- [Task requirements]: Copy every line from the records below that holds the word "roll".
· · · · ·
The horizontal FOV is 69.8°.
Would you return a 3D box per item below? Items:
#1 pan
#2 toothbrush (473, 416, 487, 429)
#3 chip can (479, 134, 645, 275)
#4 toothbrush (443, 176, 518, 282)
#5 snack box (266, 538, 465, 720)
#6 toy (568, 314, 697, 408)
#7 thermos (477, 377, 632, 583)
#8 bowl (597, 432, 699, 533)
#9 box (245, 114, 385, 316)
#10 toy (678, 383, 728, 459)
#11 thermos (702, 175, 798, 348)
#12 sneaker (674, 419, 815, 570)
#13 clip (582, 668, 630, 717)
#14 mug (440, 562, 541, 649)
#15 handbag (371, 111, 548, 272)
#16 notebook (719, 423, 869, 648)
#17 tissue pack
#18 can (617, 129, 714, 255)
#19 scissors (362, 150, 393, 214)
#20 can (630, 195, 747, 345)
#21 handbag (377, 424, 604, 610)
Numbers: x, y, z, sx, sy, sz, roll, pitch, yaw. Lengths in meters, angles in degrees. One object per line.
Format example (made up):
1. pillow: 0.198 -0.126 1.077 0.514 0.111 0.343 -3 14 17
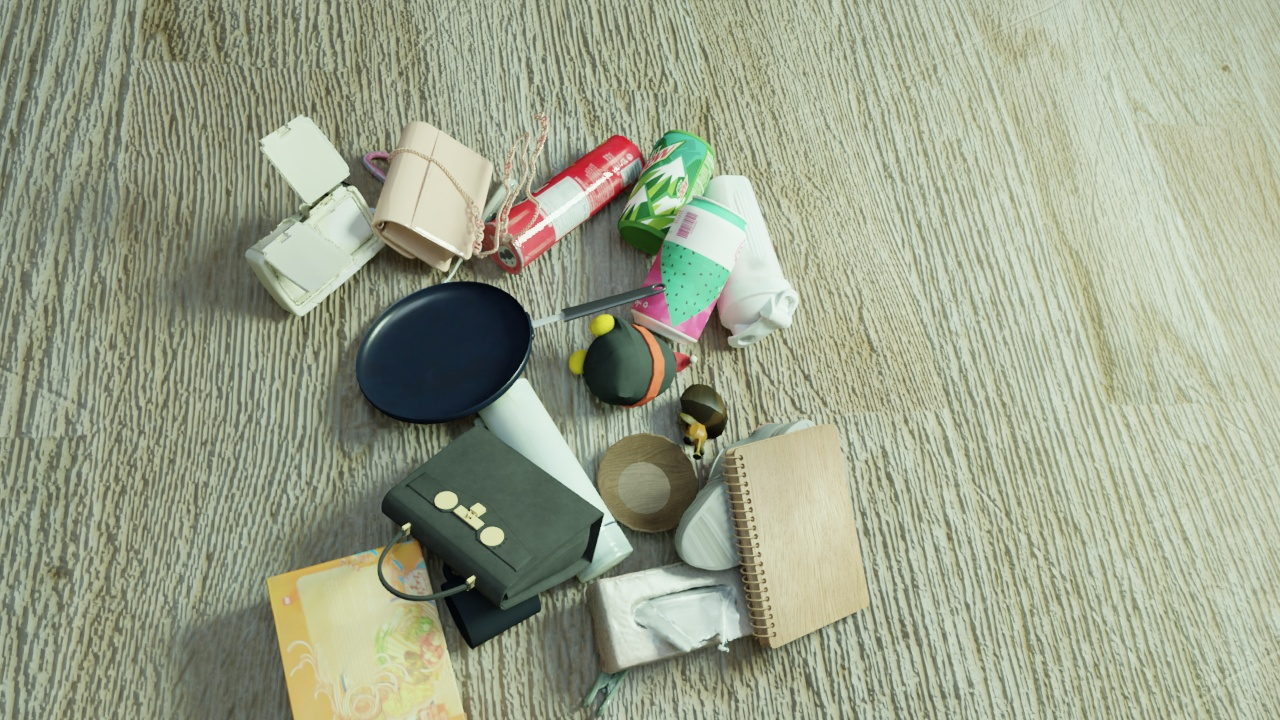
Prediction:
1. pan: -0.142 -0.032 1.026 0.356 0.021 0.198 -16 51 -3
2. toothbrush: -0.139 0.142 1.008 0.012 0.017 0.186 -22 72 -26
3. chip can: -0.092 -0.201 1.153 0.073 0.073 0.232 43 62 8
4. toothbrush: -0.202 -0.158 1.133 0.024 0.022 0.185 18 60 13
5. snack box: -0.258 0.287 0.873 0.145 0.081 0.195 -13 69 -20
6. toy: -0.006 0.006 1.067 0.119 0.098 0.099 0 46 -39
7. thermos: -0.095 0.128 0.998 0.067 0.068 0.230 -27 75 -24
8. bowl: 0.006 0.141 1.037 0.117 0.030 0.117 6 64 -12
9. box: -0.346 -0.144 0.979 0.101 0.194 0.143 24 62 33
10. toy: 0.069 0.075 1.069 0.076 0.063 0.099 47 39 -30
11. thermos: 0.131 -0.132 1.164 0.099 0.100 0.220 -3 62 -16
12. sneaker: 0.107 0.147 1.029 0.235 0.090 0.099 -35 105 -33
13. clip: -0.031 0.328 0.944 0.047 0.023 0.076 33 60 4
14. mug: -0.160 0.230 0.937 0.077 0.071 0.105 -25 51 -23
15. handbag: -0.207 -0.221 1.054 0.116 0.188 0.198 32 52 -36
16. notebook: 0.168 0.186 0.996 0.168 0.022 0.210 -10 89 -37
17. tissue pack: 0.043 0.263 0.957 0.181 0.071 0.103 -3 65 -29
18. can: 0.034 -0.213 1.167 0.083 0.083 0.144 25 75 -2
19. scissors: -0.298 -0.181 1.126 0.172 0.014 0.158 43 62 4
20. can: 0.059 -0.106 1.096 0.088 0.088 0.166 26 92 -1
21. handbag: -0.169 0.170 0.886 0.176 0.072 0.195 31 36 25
· · · · ·
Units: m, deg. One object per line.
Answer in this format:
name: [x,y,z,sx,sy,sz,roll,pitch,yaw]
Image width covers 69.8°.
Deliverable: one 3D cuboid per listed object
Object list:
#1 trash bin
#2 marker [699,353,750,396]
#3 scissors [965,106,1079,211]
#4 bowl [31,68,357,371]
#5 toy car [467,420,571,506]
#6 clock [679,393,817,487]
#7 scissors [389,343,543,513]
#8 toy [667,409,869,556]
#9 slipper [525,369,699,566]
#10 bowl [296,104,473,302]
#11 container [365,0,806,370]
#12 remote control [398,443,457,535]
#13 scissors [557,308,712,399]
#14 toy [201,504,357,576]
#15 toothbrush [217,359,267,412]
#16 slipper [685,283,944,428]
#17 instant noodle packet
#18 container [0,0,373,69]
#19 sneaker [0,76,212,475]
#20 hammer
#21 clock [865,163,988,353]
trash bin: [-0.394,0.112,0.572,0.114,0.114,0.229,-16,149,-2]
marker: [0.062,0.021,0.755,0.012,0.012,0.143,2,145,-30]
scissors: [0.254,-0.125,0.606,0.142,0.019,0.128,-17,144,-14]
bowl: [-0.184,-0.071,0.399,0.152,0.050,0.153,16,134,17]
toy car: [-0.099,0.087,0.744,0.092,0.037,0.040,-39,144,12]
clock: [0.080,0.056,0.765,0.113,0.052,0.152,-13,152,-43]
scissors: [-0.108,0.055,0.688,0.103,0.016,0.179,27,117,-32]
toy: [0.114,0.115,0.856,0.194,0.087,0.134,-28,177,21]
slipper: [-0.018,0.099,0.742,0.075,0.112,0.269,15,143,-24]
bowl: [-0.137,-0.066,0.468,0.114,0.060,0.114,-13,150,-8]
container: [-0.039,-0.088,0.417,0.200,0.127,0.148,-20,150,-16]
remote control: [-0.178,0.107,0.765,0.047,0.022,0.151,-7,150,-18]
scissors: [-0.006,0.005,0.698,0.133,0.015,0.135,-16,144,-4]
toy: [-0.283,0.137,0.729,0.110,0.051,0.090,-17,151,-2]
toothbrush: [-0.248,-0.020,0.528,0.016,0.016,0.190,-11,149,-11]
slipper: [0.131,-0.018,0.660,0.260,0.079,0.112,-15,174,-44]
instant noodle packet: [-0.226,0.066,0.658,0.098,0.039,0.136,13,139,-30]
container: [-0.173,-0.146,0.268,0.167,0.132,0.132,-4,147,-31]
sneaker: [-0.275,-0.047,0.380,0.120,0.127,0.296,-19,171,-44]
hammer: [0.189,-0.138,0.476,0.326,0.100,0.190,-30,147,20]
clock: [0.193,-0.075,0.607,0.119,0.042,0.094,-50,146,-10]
· · · · ·
- [Solution for this exercise]:
Numbers: x, y, z, sx, sy, sz, roll, pitch, yaw. Lengths in meters, angles in degrees. One object per line.
name: [x,y,z,sx,sy,sz,roll,pitch,yaw]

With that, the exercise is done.